Click to reveal solution
RSolution
ex_rec <- recipe(~ ., data = USArrests) |> step_normalize(all_numeric_predictors()) |> step_pca(all_numeric_predictors(), num_comp = 2) |> prep() ex_pca <- bake(ex_rec, new_data = NULL) ncol(ex_pca) #> [1] 2

  

Explanation: USArrests has four numeric columns and no outcome. step_normalize() puts them on a common scale, then step_pca() with num_comp = 2 projects them onto two components, leaving a two-column frame.

step_pca() rarely appears alone in a recipe. These steps commonly sit alongside it:

  • step_normalize() centers and scales predictors, the recommended step before step_pca().
  • step_corr() drops correlated columns while keeping the survivors interpretable.
  • step_kpca() runs kernel PCA for nonlinear predictor structure.
  • step_pls() reduces predictors using the outcome, unlike unsupervised PCA.
  • step_impute_mean() fills missing values, since PCA cannot handle NA inputs.

FAQ

What does step_pca() do in R?

step_pca() is a recipes step that performs principal component analysis as part of a preprocessing pipeline. During prep() it runs prcomp() on the selected numeric predictors and stores the rotation matrix. During bake() it projects the data onto those axes, replacing the original columns with components named PC1, PC2, and so on. Because the rotation is learned only from training data, the same projection applies cleanly to new data without leakage.

How many components should step_pca() keep?

Use num_comp to keep a fixed count or threshold to keep enough components for a variance fraction, such as threshold = 0.9 for 90%. If you are unsure, set num_comp = tune() and let tune_grid() search for the value that gives the best cross-validated model performance. There is no universal number; it depends on how correlated the predictors are and which model consumes them.

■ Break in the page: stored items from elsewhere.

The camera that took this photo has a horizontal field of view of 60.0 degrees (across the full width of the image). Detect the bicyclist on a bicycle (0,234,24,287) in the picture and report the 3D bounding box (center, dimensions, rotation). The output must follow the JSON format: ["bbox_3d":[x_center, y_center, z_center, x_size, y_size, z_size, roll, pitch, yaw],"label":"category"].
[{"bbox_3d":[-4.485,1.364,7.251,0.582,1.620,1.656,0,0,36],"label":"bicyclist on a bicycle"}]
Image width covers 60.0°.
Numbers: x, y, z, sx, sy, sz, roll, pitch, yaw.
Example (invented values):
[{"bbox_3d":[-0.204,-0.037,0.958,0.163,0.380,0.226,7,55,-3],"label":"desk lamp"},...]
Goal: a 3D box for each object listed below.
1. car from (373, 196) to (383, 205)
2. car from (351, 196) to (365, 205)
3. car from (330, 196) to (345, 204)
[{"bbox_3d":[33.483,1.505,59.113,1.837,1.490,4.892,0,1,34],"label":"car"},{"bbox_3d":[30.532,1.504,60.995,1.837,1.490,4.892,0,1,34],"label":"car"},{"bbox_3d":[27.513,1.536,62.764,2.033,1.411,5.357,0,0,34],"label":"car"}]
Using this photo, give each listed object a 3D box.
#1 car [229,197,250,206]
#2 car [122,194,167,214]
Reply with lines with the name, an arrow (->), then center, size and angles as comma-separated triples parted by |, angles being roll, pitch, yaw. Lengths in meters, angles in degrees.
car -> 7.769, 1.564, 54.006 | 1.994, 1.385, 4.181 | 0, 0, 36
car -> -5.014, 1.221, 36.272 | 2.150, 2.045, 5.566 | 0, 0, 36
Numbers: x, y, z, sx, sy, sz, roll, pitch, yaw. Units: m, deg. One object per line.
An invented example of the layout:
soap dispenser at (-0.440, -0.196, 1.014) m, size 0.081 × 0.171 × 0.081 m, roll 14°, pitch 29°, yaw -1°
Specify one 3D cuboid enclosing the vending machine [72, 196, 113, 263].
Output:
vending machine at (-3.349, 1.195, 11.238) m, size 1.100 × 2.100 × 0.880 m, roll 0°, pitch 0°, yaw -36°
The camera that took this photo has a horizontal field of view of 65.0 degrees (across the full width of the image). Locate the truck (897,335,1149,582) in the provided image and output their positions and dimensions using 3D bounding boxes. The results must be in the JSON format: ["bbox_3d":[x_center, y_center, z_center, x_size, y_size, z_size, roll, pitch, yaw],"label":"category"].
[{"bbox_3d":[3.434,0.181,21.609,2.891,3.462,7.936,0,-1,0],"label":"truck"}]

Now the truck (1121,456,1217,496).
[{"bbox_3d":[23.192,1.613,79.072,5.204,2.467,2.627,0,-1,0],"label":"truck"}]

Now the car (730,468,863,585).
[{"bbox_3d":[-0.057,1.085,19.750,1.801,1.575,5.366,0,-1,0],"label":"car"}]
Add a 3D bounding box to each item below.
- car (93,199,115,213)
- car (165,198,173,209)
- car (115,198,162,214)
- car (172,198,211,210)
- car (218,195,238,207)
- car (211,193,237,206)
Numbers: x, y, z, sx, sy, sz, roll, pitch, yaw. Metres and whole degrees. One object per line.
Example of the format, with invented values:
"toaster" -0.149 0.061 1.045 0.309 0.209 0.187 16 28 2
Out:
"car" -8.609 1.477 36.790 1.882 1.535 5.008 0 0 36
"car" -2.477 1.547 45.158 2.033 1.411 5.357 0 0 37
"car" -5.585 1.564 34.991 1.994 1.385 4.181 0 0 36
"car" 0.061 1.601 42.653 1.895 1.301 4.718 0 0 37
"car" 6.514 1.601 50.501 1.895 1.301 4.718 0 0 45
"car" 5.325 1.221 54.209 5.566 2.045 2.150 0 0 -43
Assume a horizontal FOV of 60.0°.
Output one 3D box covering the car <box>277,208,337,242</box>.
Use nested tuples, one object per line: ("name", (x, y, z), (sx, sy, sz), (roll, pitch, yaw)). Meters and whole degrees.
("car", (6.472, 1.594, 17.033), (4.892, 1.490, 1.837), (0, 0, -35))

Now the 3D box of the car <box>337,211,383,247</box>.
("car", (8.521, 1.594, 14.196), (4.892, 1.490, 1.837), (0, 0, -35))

Should I normalize before step_pca()?

Yes. step_pca() centers predictors but does not scale them by default, so a high-variance column on a large numeric scale can dominate the first component. Place step_normalize() before step_pca() in the recipe, or pass options = list(scale. = TRUE). Without one of these, PCA reflects measurement units rather than genuine shared structure.

What is the difference between step_pca() and step_corr()?

step_pca() replaces a correlated group of predictors with new orthogonal components, so the output columns are anonymous blends of the originals. step_corr() instead deletes redundant columns and keeps the survivors exactly as they were, with their original names. Use step_pca() for maximum compression and a decorrelated model input, and step_corr() when you need to keep interpretable, named predictors.